Method | Description |
---|---|
doGetEntryPageUrl() |
This method returns the official URL of the entry page on the database website, for each each accession number passed. The return type is thus a list. If no entry pages are available for the database, the method must return a list of NULL values, the same length as the input vector. |
doGetEntryImageUrl() |
This method returns the official URL of the entry picture on the database website, for each each accession number passed. The picture returned must be visual representation of the entry (a molecule 3D model, a mass spectrum, …). The return type is thus a list. If no entry pages are available for the database, the method must return a list of NULL values, the same length as the input vector. |
doGetEntryContentRequest() |
This method is called by getEntryContentRequest() , and must return a list of URLs used to retrieve entry contents. If concatenate parameter is FALSE , the list returned must be the same length as the vector id and each URL must point to one entry content only. If concatenate parameter is TRUE , then it is permitted (but not compulsory) to return URLs that get more than one entry at a time. |
doGetEntryIds() |
This method, called by getEntryIds() , should return the full list of accession numbers of the entries contained in the database, or a subset if max.results is set. This method is used for testing, in order to get a sample of existing entries, but may also be useful for users when developing. |
doSearchForEntries() |
This method implements the search of entries by filtering on some field values. For our example, we have kept it simple by implementing only the search by name (field "name" ), because a full implementation with mass search would require much more code with complex calls to ChEBI API. You can however see a real implementation inside biodbChebi, the package that implements the ChEBI connector. |
See the help inside R about BiodbConn
for details
about the parameters of those functions.
The remote methods are used for three different goals.
First to build URLs that access the web site, to get the URL of an entry page
(doGetEntryPageUrl()
) or to get the URL of an entry picture
(doGetEntryImageUrl()
) like a molecule representation.
Second to get a list of database entry identifiers (doGetEntryIds()
).
Third to Get the content of an entry (doGetEntryContentRequest()
).
In our implementations of doGetEntryPageUrl()
, doGetEntryImageUrl()
and
doGetEntryContentRequest()
(see below), you may notice the use of the
getPropValSlot()
method to get some base URLs ("base.url"
, "ws.url"
).
These values are defined inside the connector YAML definition file that we will
detail below.
Also, in those methods, we use the BiobdUrl
class to build the URLs.
BiodbUrl
handles the building of the URL parameters, as well as the encoding
of special characters.
The implemented method (doSearchForEntries()

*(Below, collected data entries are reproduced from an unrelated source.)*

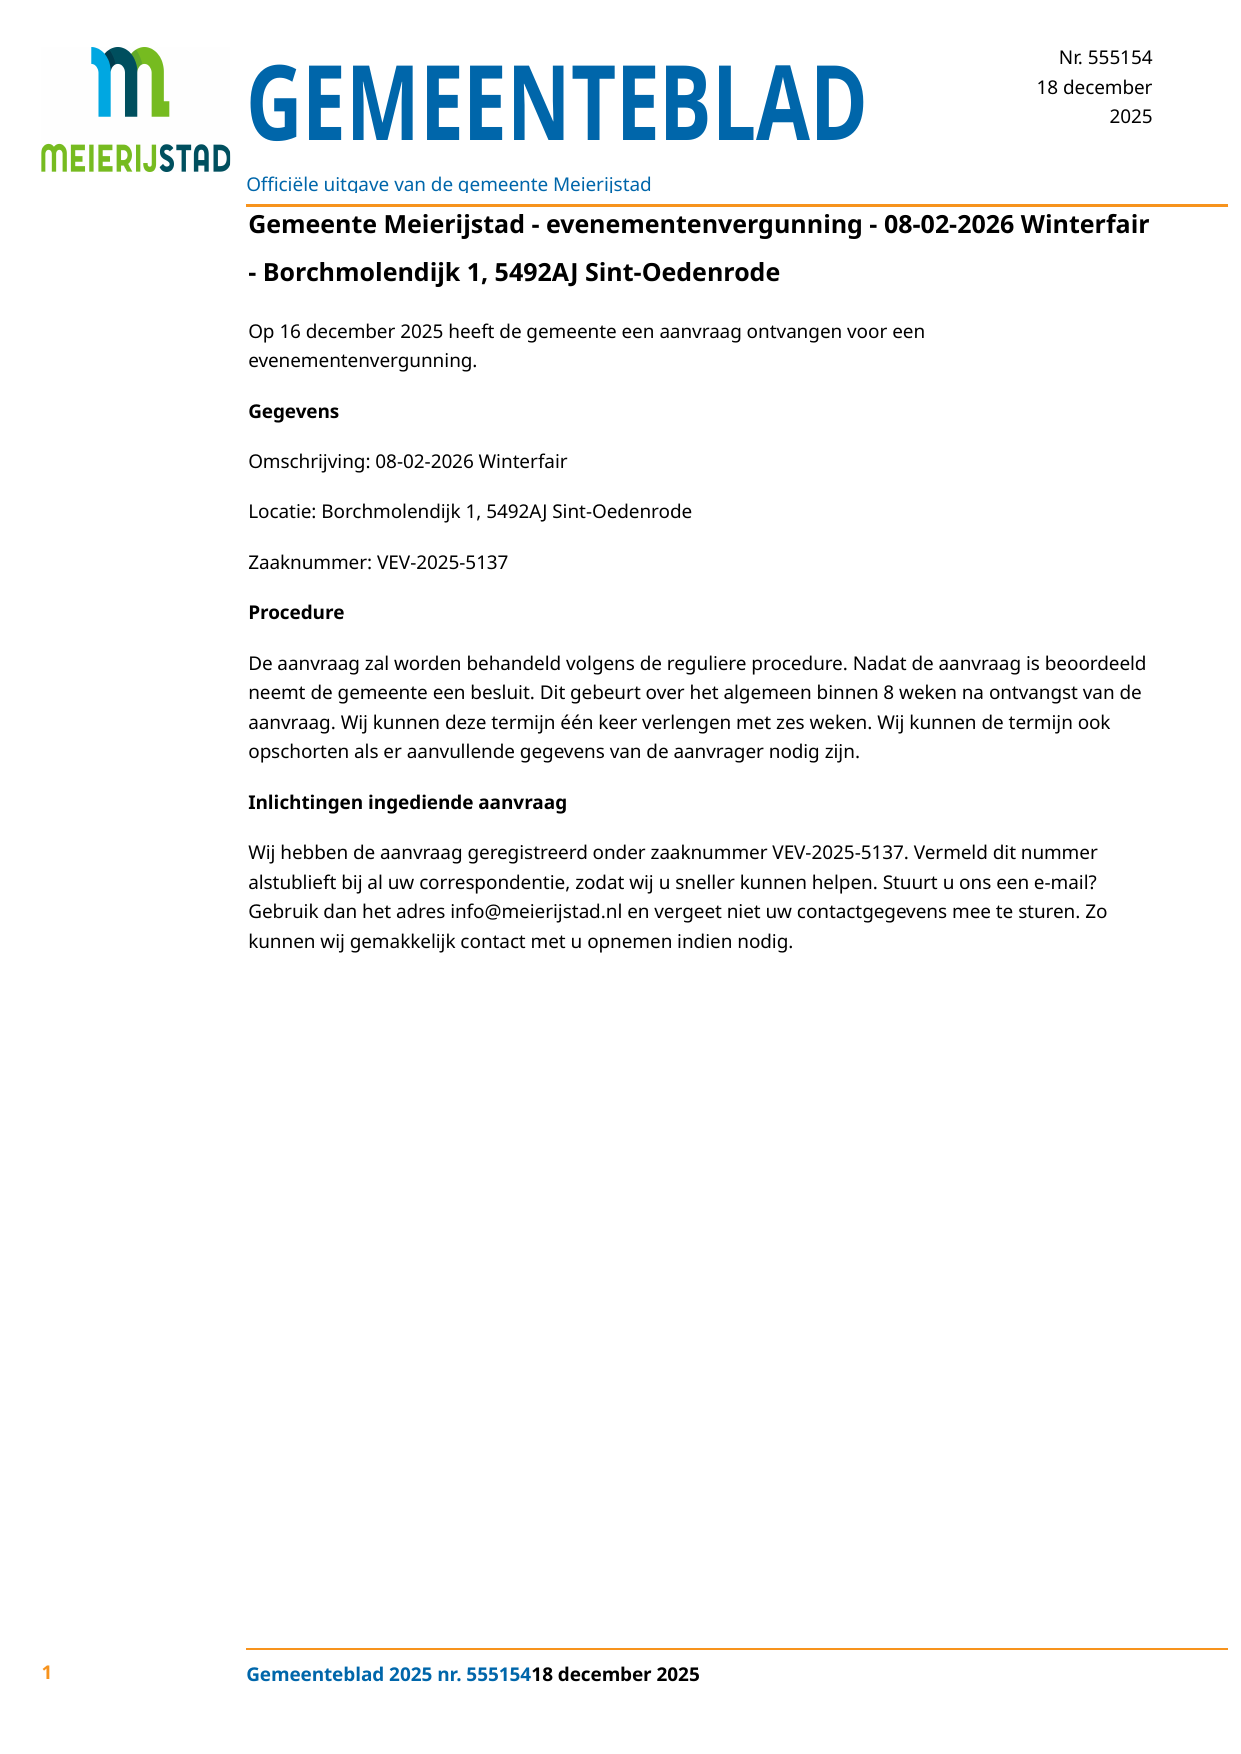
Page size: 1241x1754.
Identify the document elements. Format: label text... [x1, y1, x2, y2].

text Gemeente Meierijstad - evenementenvergunning - 08-02-2026 Winterfair - Borchmolendijk 1, 5492AJ Sint-Oedenrode [248, 207, 1152, 288]
text Locatie: Borchmolendijk 1, 5492AJ Sint-Oedenrode [248, 499, 1152, 524]
text Op 16 december 2025 heeft de gemeente een aanvraag ontvangen voor een evenementenvergunning. [248, 318, 1152, 373]
text Inlichtingen ingediende aanvraag [248, 789, 1152, 815]
text Procedure [248, 599, 1152, 625]
picture [41, 47, 231, 172]
text De aanvraag zal worden behandeld volgens de reguliere procedure. Nadat de aanvraag is beoordeeld neemt de gemeente een besluit. Dit gebeurt over het algemeen binnen 8 weken na ontvangst van de aanvraag. Wij kunnen deze termijn één keer verlengen met zes weken. Wij kunnen de termijn ook opschorten als er aanvullende gegevens van de aanvrager nodig zijn. [248, 650, 1152, 764]
text Wij hebben de aanvraag geregistreerd onder zaaknummer VEV-2025-5137. Vermeld dit nummer alstublieft bij al uw correspondentie, zodat wij u sneller kunnen helpen. Stuurt u ons een e-mail? Gebruik dan het adres info@meierijstad.nl en vergeet niet uw contactgegevens mee te sturen. Zo kunnen wij gemakkelijk contact met u opnemen indien nodig. [248, 839, 1152, 954]
text Zaaknummer: VEV-2025-5137 [248, 549, 1152, 575]
text Gegevens [248, 398, 1152, 424]
text Omschrijving: 08-02-2026 Winterfair [248, 448, 1152, 474]
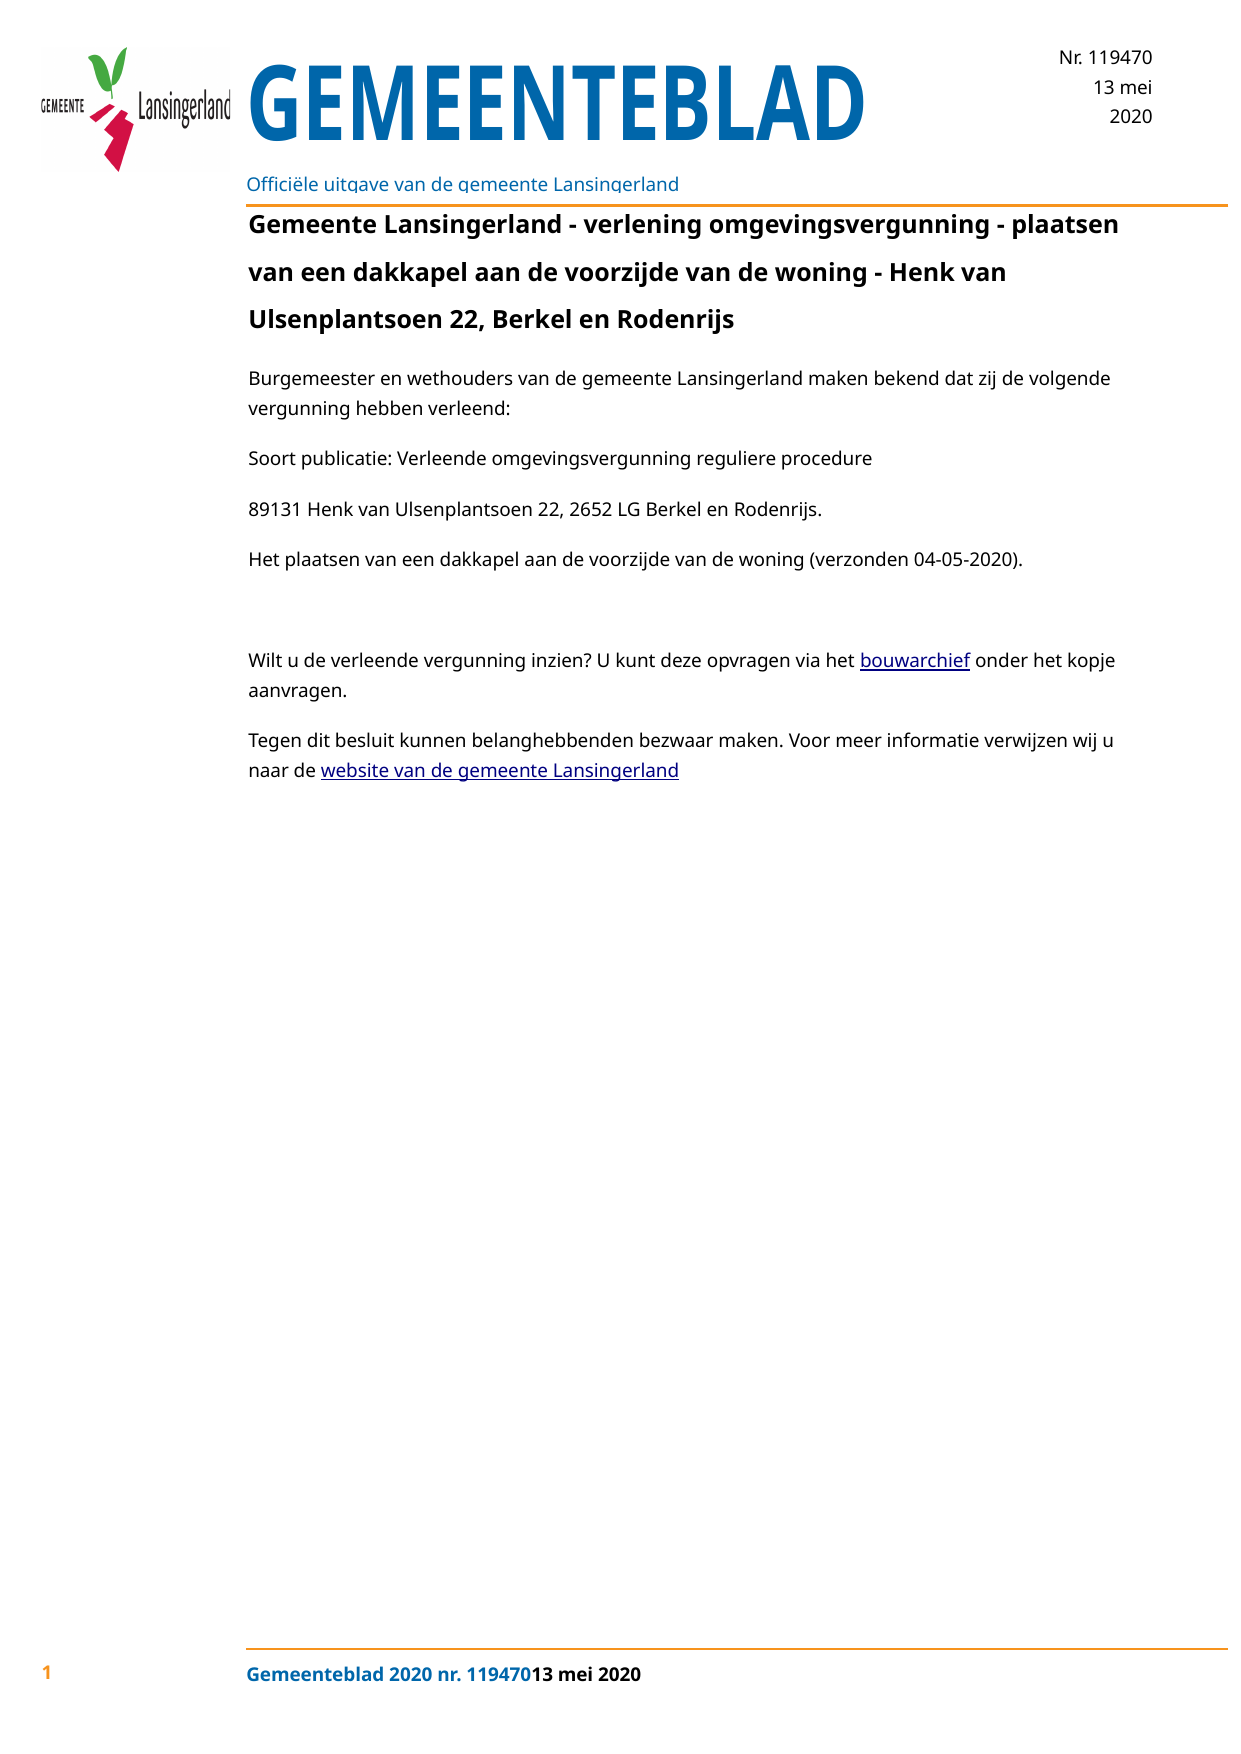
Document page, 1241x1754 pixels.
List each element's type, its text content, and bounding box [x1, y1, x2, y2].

text 89131 Henk van Ulsenplantsoen 22, 2652 LG Berkel en Rodenrijs. [248, 496, 1152, 522]
text Tegen dit besluit kunnen belanghebbenden bezwaar maken. Voor meer informatie verwijzen wij u naar de website van de gemeente Lansingerland [248, 727, 1152, 782]
text Wilt u de verleende vergunning inzien? U kunt deze opvragen via het bouwarchief onder het kopje aanvragen. [248, 647, 1152, 702]
text Gemeente Lansingerland - verlening omgevingsvergunning - plaatsen van een dakkapel aan de voorzijde van de woning - Henk van Ulsenplantsoen 22, Berkel en Rodenrijs [248, 207, 1152, 336]
text Burgemeester en wethouders van de gemeente Lansingerland maken bekend dat zij de volgende vergunning hebben verleend: [248, 366, 1152, 421]
picture [41, 47, 231, 172]
text Soort publicatie: Verleende omgevingsvergunning reguliere procedure [248, 446, 1152, 471]
text Het plaatsen van een dakkapel aan de voorzijde van de woning (verzonden 04-05-2020). [248, 546, 1152, 572]

) is a generic method used to
search for entries inside the database by name, mass, or any other field.
For our example we have decided to implement only the search by name in order
to keep the code as simple and short as possible.
To see a full implementation of this method, look at the official biodb
ChEBI connector at biodbChebi.
Inside the method’s code you will see that the implementation of the call to
the ChEBI web service API has been left to the dedicated method
wsGetLiteEntity()
.
In biodb official implementations of remote connectors, the implementations of calls to web services are done in separate dedicated methods having in common some principles.
These principles are important, because they assure a uniformity between biodb extension packages, allowing users to identify immediately a web service method and recognize the biodb generic parameters inside it.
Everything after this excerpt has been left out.